## TASK PROMPT
With the images removed, return every line below exactly as it reads.

## INFORMATION GIVEN
★ ★ ★ ★ ★ ★ ★
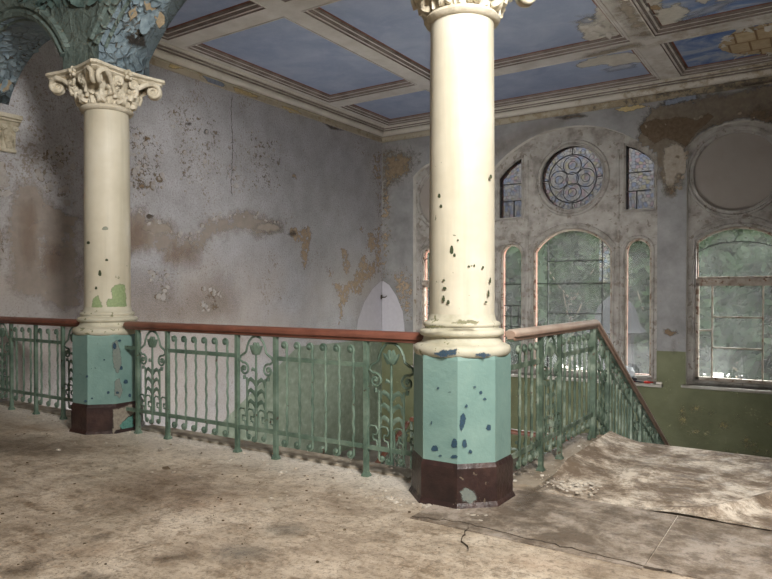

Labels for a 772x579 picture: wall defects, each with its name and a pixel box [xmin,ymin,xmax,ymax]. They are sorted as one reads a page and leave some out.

peeling [576,0,727,71]
flaking render [718,23,772,59]
peeling [0,44,41,92]
peeling [129,103,221,196]
flaking render [615,80,772,196]
flaking render [130,208,280,257]
peeling [92,284,127,307]
peeling [434,349,457,357]
peeling [431,404,472,458]
peeling [460,488,476,503]
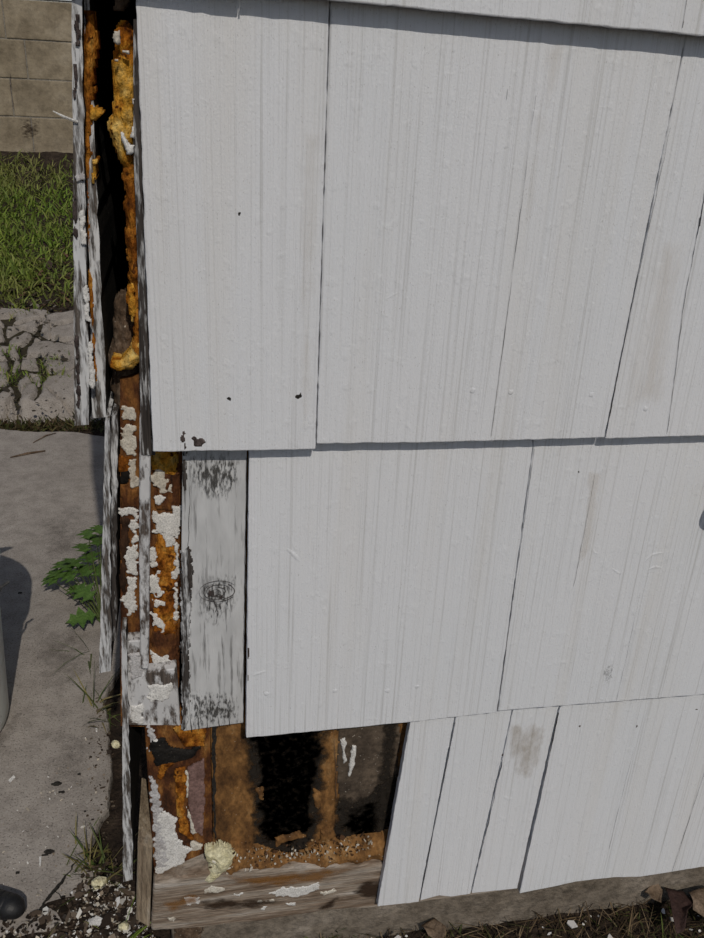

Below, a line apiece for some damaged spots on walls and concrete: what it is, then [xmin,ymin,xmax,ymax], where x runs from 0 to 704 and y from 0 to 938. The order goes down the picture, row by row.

peeling [74,335,96,409]
peeling [120,406,139,488]
leakage [193,457,236,496]
peeling [118,507,139,616]
peeling [150,469,182,633]
leakage [204,579,232,617]
leakage [149,737,201,766]
peeling [149,758,205,874]
leakage [243,731,329,853]
peeling [320,723,401,845]
leakage [334,723,399,839]
peeling [257,882,337,910]
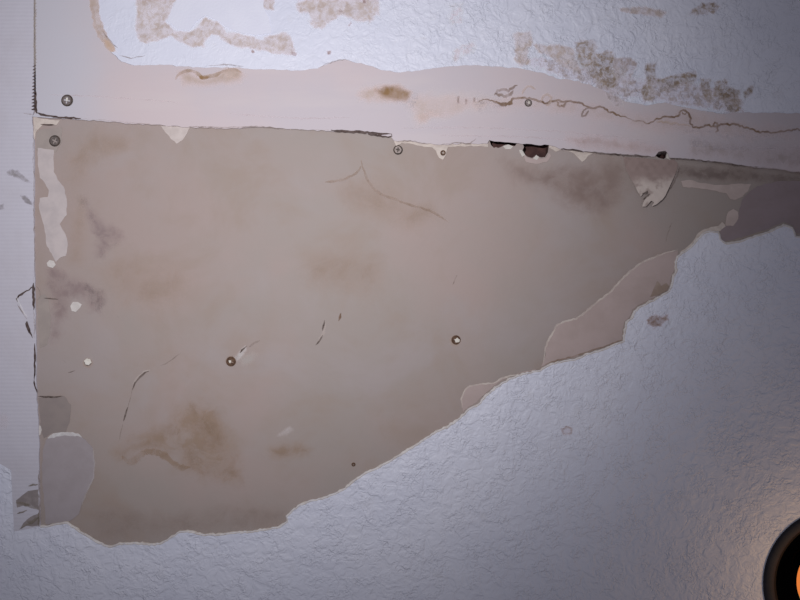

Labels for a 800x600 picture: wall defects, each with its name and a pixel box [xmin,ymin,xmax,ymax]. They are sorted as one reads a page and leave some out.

water stain [135,0,296,55]
water stain [297,0,379,28]
water stain [514,32,754,113]
peeling [16,112,800,548]
crack [122,371,148,426]
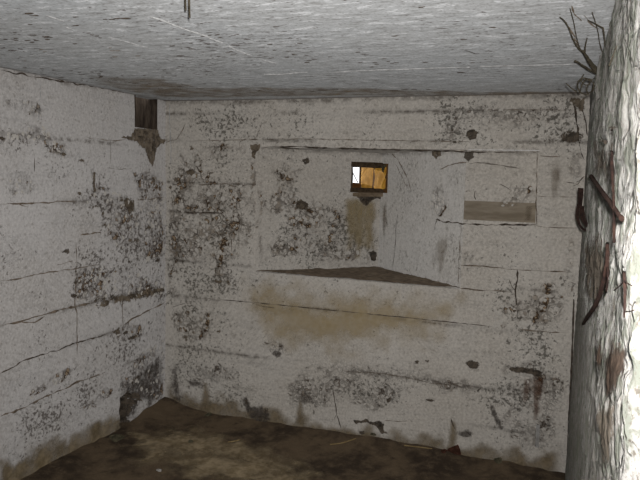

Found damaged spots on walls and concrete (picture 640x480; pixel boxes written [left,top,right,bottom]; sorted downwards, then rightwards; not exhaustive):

spalling [121,128,165,167]
crack [210,123,517,190]
peeling [87,146,255,286]
spalling [260,158,377,264]
crack [435,152,566,305]
crack [1,232,210,373]
spalling [71,267,172,308]
crack [226,300,491,327]
water stain [122,360,159,417]
water stain [171,369,374,437]
water stain [2,419,121,480]
water stain [502,449,554,471]
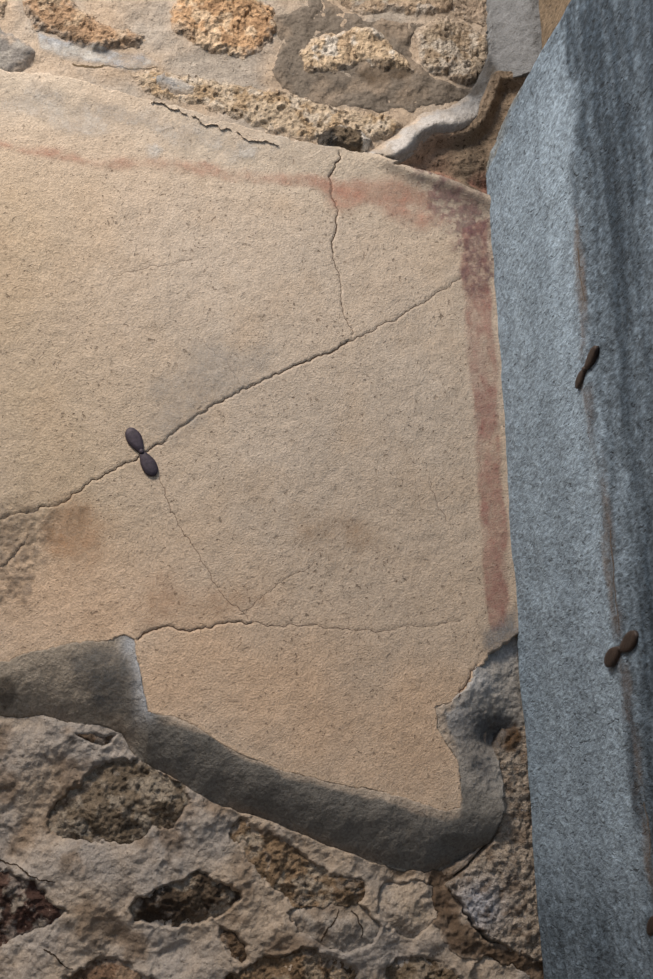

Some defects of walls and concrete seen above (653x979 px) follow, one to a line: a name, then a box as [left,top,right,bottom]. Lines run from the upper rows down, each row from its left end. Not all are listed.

flaking render [0,0,489,153]
crack [1,153,457,519]
crack [138,478,460,640]
flaking render [0,715,544,979]
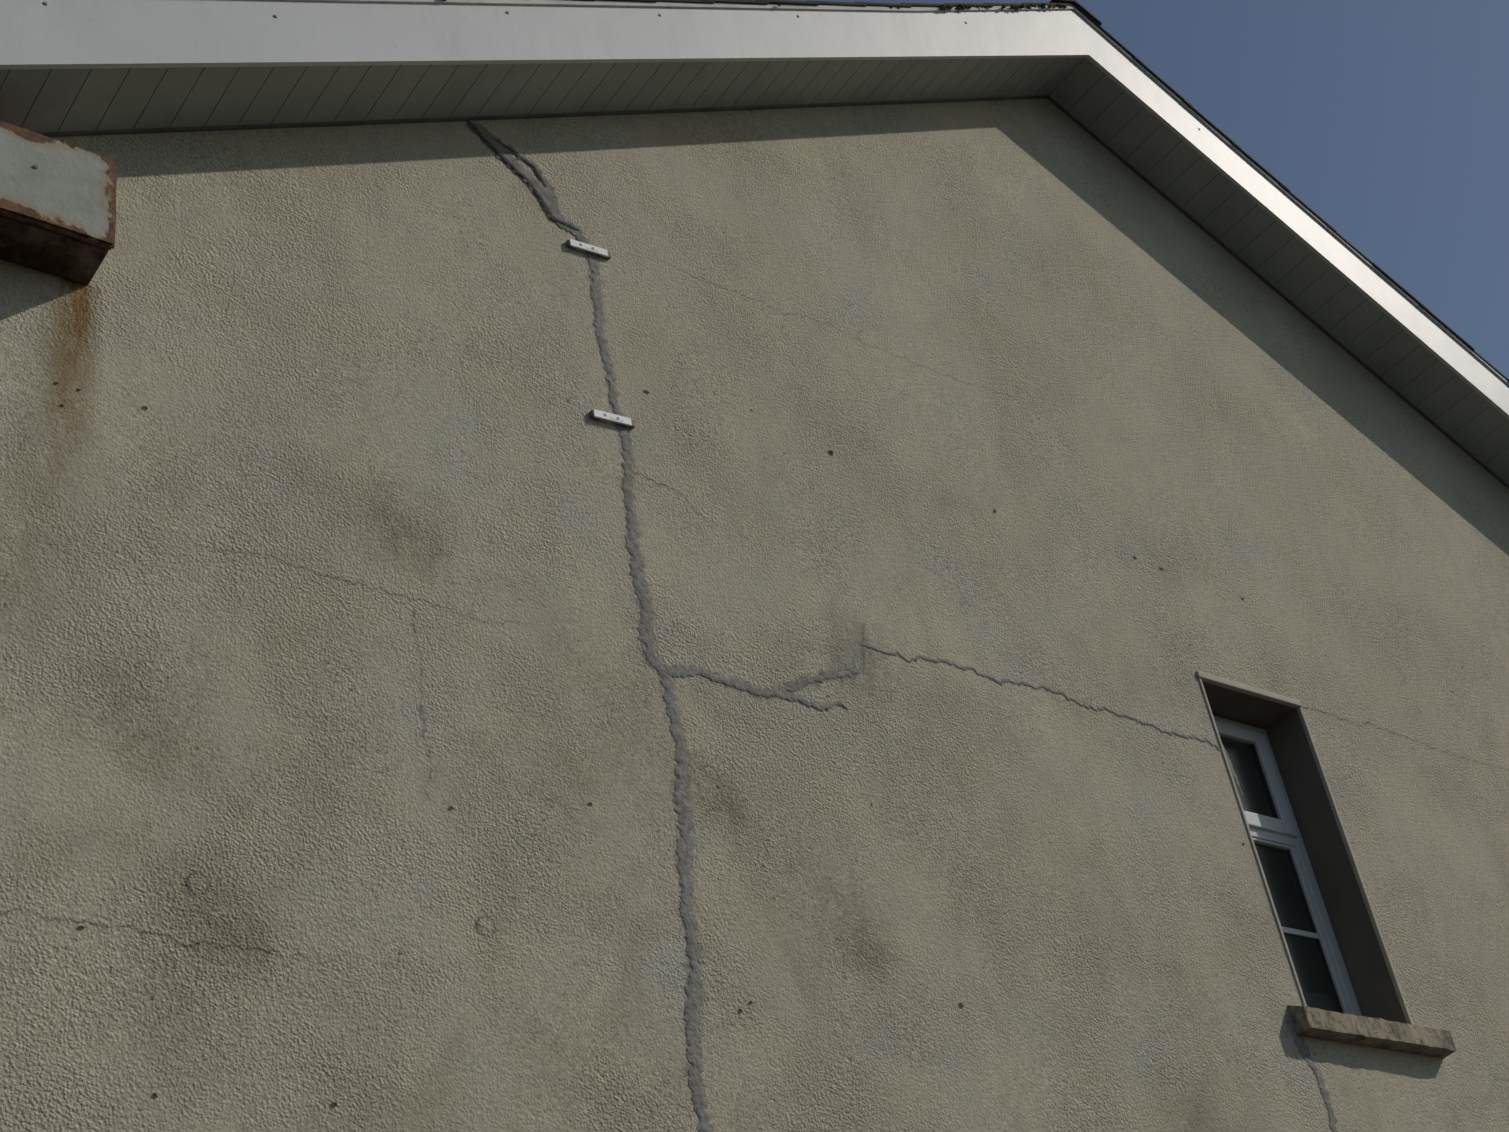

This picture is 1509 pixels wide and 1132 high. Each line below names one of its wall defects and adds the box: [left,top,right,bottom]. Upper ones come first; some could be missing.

crack [467,120,1244,1132]
crack [1294,1036,1337,1132]
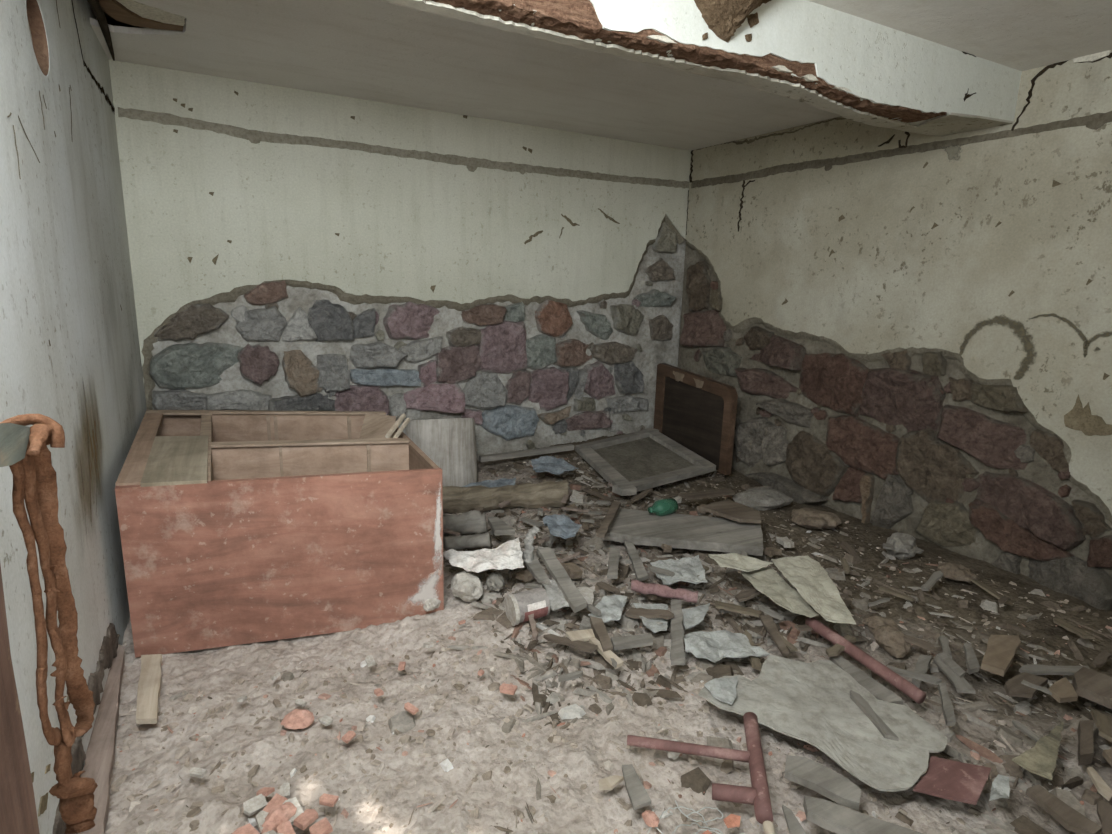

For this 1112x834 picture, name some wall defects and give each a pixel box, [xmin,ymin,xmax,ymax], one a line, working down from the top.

crack [7,0,115,179]
spalling [87,0,185,61]
spalling [426,0,947,123]
crack [1011,53,1112,131]
flaking render [141,214,1013,410]
water stain [78,384,101,533]
flaking render [1021,394,1112,526]
flaking render [88,623,120,715]
flaking render [38,792,67,834]
flaking render [71,735,86,777]
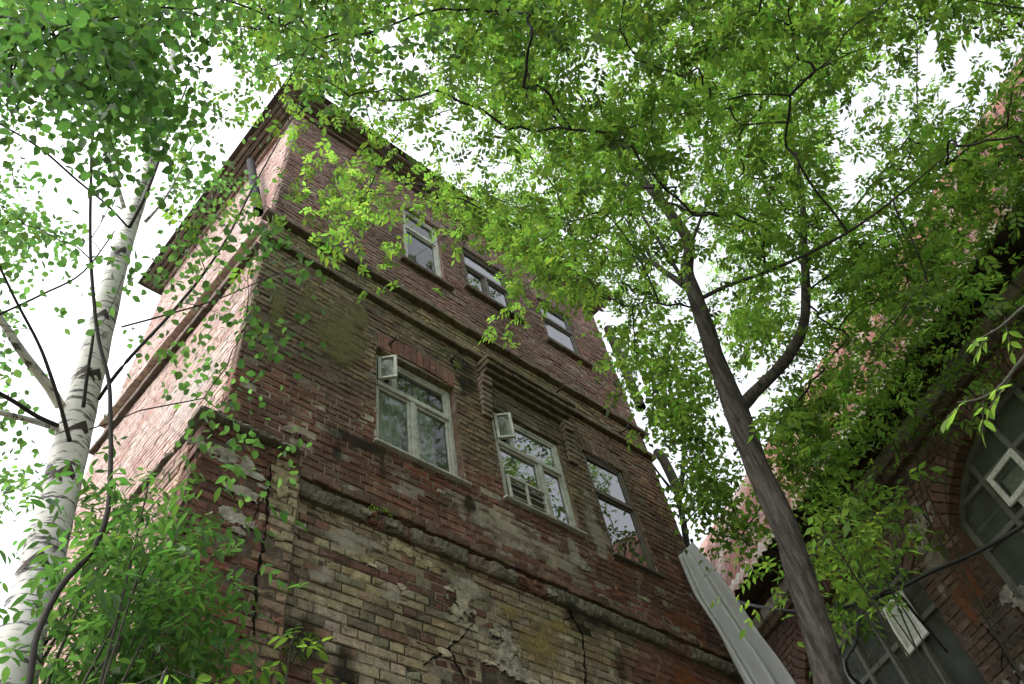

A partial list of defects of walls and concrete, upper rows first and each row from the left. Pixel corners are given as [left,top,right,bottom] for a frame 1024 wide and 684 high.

flaking render [174,430,293,538]
crack [251,461,272,635]
spalling [319,520,541,684]
crack [417,624,473,679]
crack [563,610,587,684]
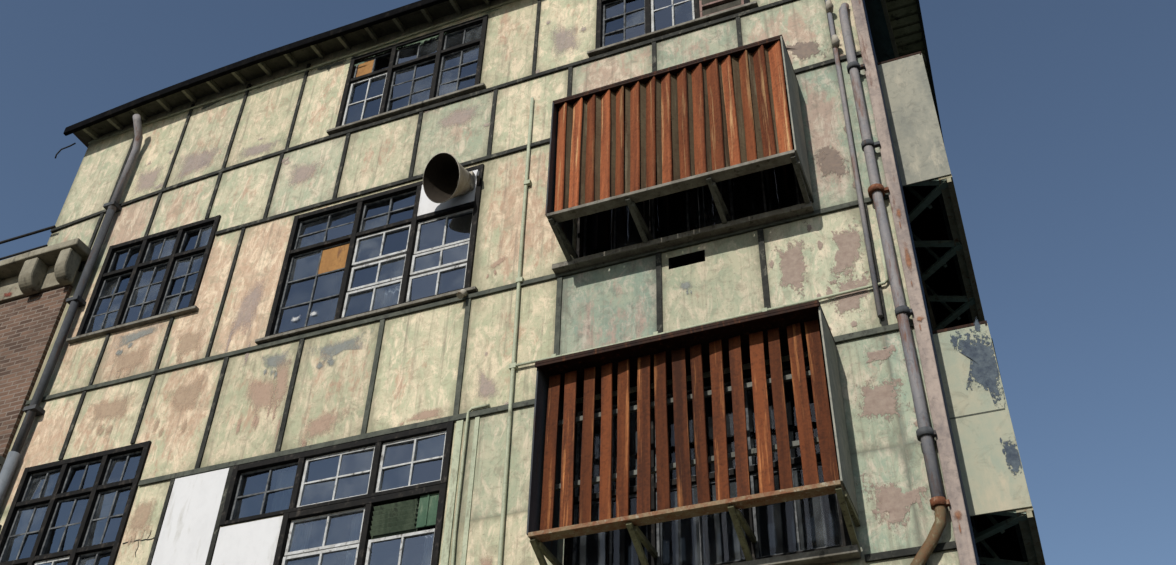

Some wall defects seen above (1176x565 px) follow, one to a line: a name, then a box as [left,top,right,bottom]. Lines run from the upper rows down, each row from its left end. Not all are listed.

peeling [769,222,873,327]
peeling [950,319,1005,408]
peeling [1000,437,1022,475]
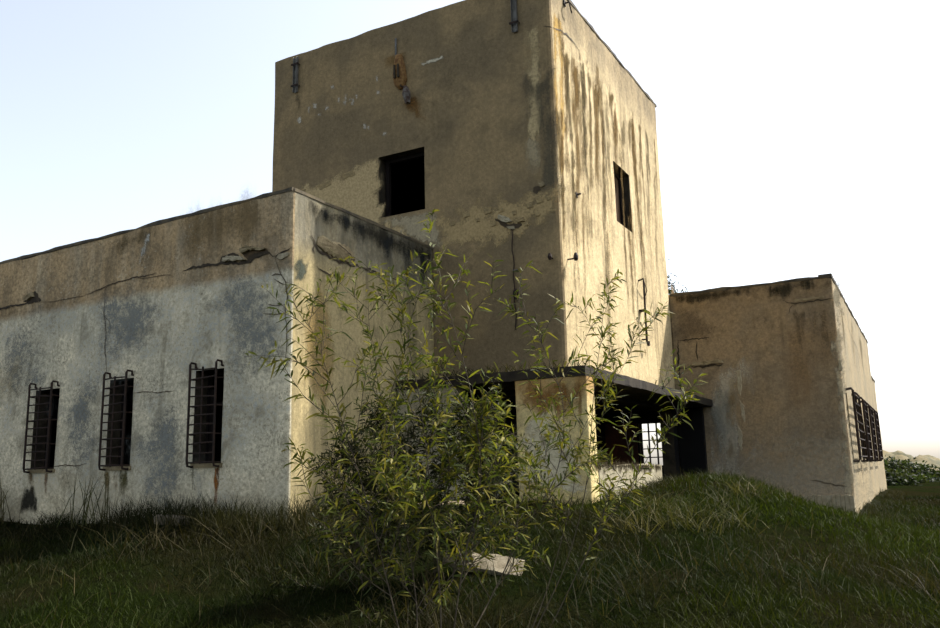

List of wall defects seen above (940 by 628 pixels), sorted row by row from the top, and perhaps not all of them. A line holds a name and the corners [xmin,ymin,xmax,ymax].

flaking render [301,159,565,252]
leakage [526,16,658,309]
crack [0,274,163,372]
crack [263,259,288,359]
corrosion [524,383,582,415]
crack [677,337,723,389]
leakage [676,288,749,303]
leakage [769,280,813,297]
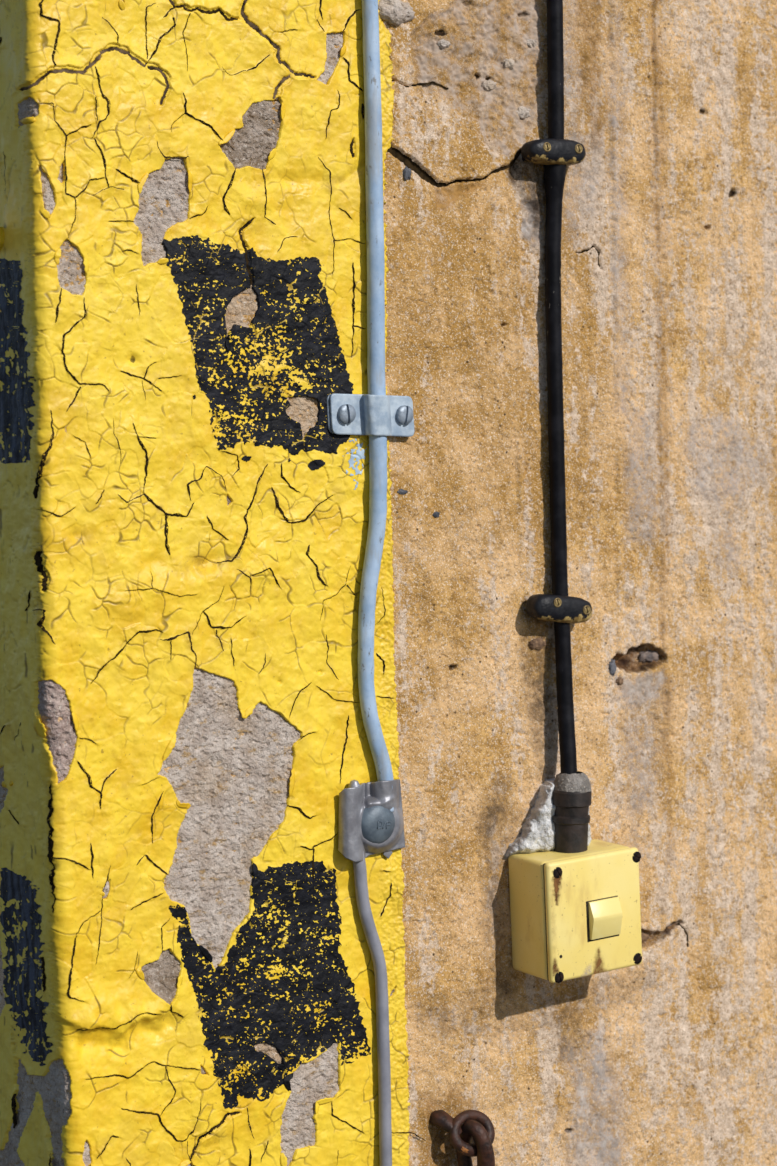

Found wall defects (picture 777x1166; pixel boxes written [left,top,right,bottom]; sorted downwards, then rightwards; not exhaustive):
★ ★ ★ ★ ★ ★ ★
## COMPLETED TASK
Labels for a 772x579 picture: wall defects, each with its name and a pixel box [xmin,ymin,xmax,ymax]. They are sorted as one reads a page and leave some out.

peeling [576,0,727,71]
flaking render [718,23,772,59]
peeling [0,44,41,92]
peeling [129,103,221,196]
flaking render [615,80,772,196]
flaking render [130,208,280,257]
peeling [92,284,127,307]
peeling [434,349,457,357]
peeling [431,404,472,458]
peeling [460,488,476,503]

Below, a line apiece for some damaged spots on walls and concrete: what it is, then [xmin,ymin,xmax,ymax], where x runs from 0 to 704 and y from 0 to 938. The order goes down the picture, row by row.

peeling [74,335,96,409]
peeling [120,406,139,488]
leakage [193,457,236,496]
peeling [118,507,139,616]
peeling [150,469,182,633]
leakage [204,579,232,617]
leakage [149,737,201,766]
peeling [149,758,205,874]
leakage [243,731,329,853]
peeling [320,723,401,845]
leakage [334,723,399,839]
peeling [257,882,337,910]

Labels for a 800x600 picture: wall defects, each with its name and a pixel box [xmin,ymin,xmax,ymax]. They are sorted as one reads a page and leave some out.

water stain [135,0,296,55]
water stain [297,0,379,28]
water stain [514,32,754,113]
peeling [16,112,800,548]
crack [122,371,148,426]

Found damaged spots on walls and concrete (picture 640x480; pixel boxes written [left,top,right,bottom]; sorted downwards, then rightwards; not exhaustive):

spalling [121,128,165,167]
crack [210,123,517,190]
peeling [87,146,255,286]
spalling [260,158,377,264]
crack [435,152,566,305]
crack [1,232,210,373]
spalling [71,267,172,308]
crack [226,300,491,327]
water stain [122,360,159,417]
water stain [171,369,374,437]
water stain [2,419,121,480]
water stain [502,449,554,471]

Some defects of walls and concrete seen above (653x979 px) follow, one to a line: a name, then a box as [left,top,right,bottom]. Lines run from the upper rows down, each row from its left end. Not all are listed.

flaking render [0,0,489,153]
crack [1,153,457,519]
crack [138,478,460,640]
flaking render [0,715,544,979]

This picture is 1509 pixels wide and 1132 high. Each line below names one of its wall defects and adds the box: [left,top,right,bottom]. Upper ones come first; some could be missing.

crack [467,120,1244,1132]
crack [1294,1036,1337,1132]

For this 1112x834 picture, name some wall defects and give each a pixel box, [xmin,ymin,xmax,ymax], one a line, working down from the top.

crack [7,0,115,179]
spalling [87,0,185,61]
spalling [426,0,947,123]
crack [1011,53,1112,131]
flaking render [141,214,1013,410]
water stain [78,384,101,533]
flaking render [1021,394,1112,526]
flaking render [88,623,120,715]
flaking render [38,792,67,834]
flaking render [71,735,86,777]

A partial list of defects of walls and concrete, upper rows first and each row from the left. Pixel corners are given as [left,top,right,bottom] for a frame 1024 wide and 684 high.

flaking render [174,430,293,538]
crack [251,461,272,635]
spalling [319,520,541,684]
crack [417,624,473,679]
crack [563,610,587,684]

Some wall defects seen above (1176x565 px) follow, one to a line: a name, then a box as [left,top,right,bottom]. Lines run from the upper rows down, each row from its left end. Not all are listed.

peeling [769,222,873,327]
peeling [950,319,1005,408]
peeling [1000,437,1022,475]

List of wall defects seen above (940 by 628 pixels), sorted row by row from the top, and perhaps not all of them. A line holds a name and the corners [xmin,ymin,xmax,ymax].

flaking render [301,159,565,252]
leakage [526,16,658,309]
crack [0,274,163,372]
crack [263,259,288,359]
corrosion [524,383,582,415]
crack [677,337,723,389]
leakage [676,288,749,303]
leakage [769,280,813,297]

Found wall defects (picture 777x1166; pixel boxes written [left,top,right,bottom]; sorted downwards, then rightwards; not exhaustive):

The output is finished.